(Source records)
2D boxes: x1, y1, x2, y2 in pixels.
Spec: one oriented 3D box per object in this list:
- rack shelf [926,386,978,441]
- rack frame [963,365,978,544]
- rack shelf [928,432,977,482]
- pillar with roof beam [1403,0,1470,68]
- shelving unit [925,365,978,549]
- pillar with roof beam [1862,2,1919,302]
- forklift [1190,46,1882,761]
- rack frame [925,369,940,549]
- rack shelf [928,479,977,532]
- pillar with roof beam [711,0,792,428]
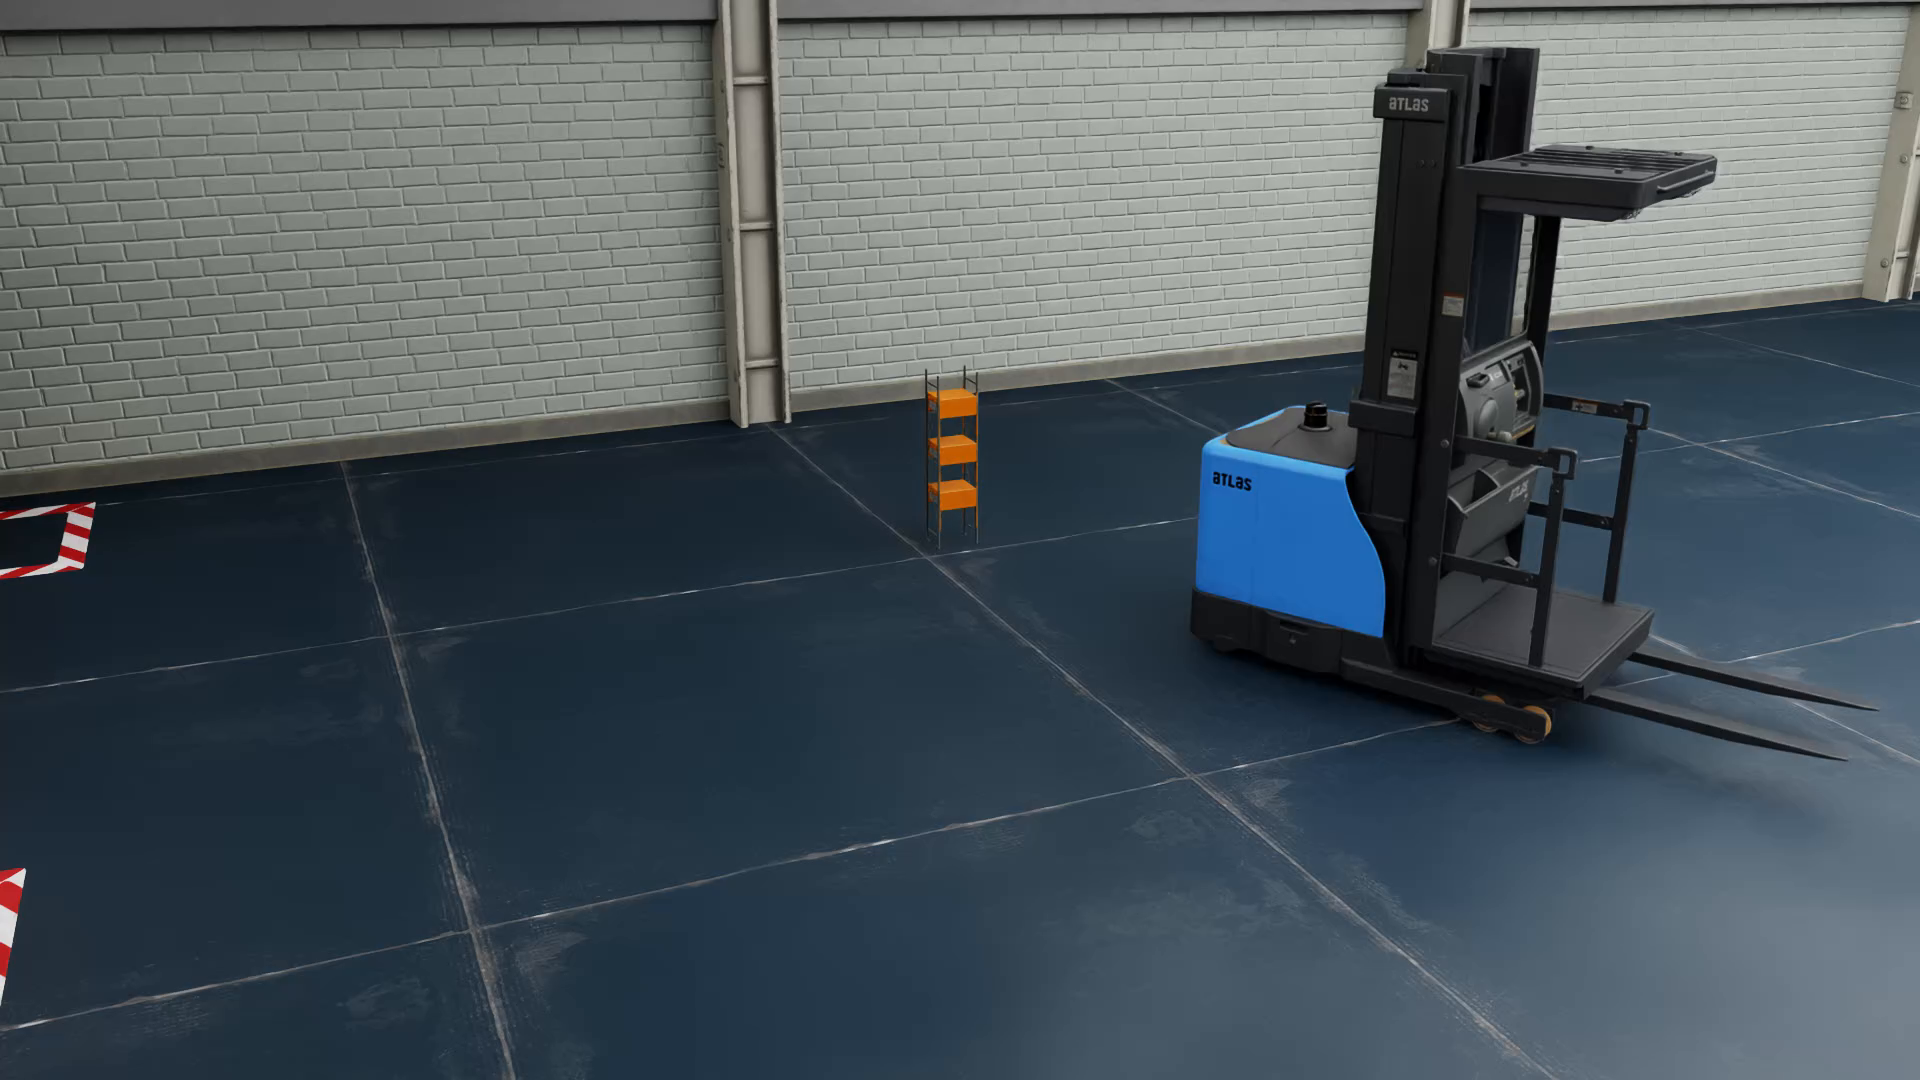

# ASSIGNMENT
Give back exactly the lines from the one containing "- forklift [1190,46,1882,761]" through the last line above, both included, and none of the pictures.

# ANSWER SPACE
- forklift [1190,46,1882,761]
- rack frame [925,369,940,549]
- rack shelf [928,479,977,532]
- pillar with roof beam [711,0,792,428]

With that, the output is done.